How to Install and Configure Traefik Reverse Proxy on RHEL 7
Traefik is a modern, cloud-native reverse proxy and load balancer that differentiates itself from Nginx and HAProxy through its dynamic configuration model — routing rules can be updated at runtime without restarting the proxy. Originally designed for microservices and Docker environments, Traefik works equally well on bare-metal and VM deployments using file-based dynamic configuration. On RHEL 7, Traefik is distributed as a single statically-linked binary, making installation straightforward without any package repository dependencies. This guide covers downloading and installing Traefik, configuring it as a systemd service, setting up HTTP and HTTPS entrypoints with automatic Let’s Encrypt certificates, defining routers and services via file provider configuration, enabling the dashboard, and applying common middleware such as HTTP-to-HTTPS redirects, basic authentication, and security headers.
Prerequisites
- RHEL 7 server with root access
- A public domain name pointing to the server’s IP (required for Let’s Encrypt TLS certificates)
- Ports 80 and 443 open in the firewall and accessible from the internet
- One or more backend services already running on localhost ports (e.g., a web application on port 8080)
- The
curlandtarutilities installed (available by default on RHEL 7)
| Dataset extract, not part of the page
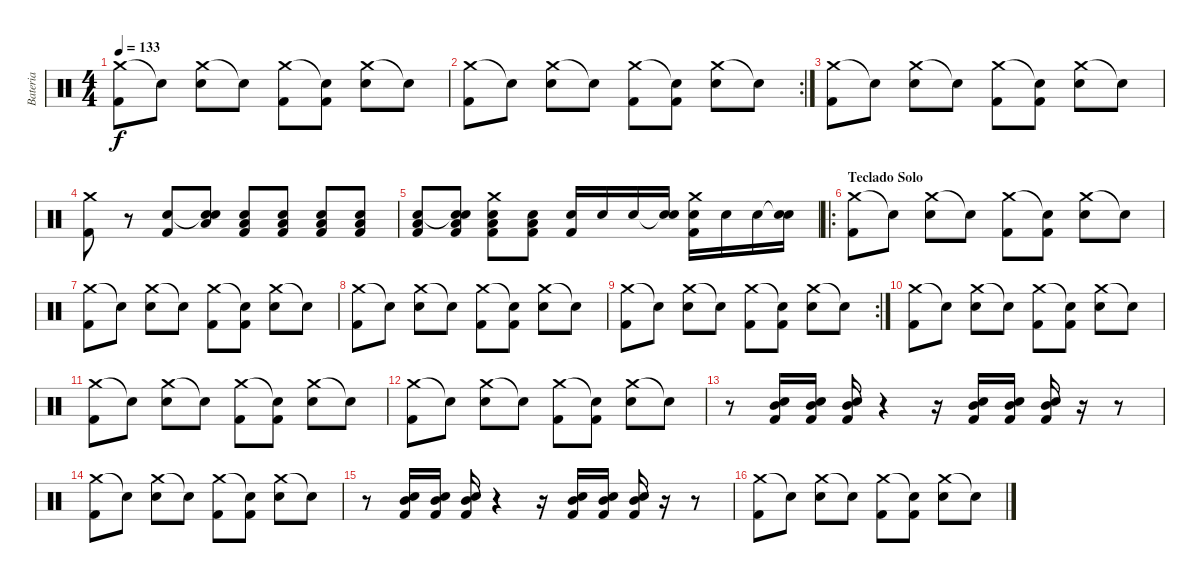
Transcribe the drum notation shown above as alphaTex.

Step 1: Downloading the Traefik Binary
Traefik releases are published as pre-built binaries on GitHub. Check the latest stable v2.x release at https://github.com/traefik/traefik/releases and download the Linux AMD64 build:
# Set the version to install (check GitHub releases for the latest)
TRAEFIK_VERSION="v2.11.0"
cd /tmp
curl -LO "https://github.com/traefik/traefik/releases/download/${TRAEFIK_VERSION}/traefik_${TRAEFIK_VERSION}_linux_amd64.tar.gz"
# Verify the checksum (recommended)
curl -LO "https://github.com/traefik/traefik/releases/download/${TRAEFIK_VERSION}/traefik_${TRAEFIK_VERSION}_checksums.txt"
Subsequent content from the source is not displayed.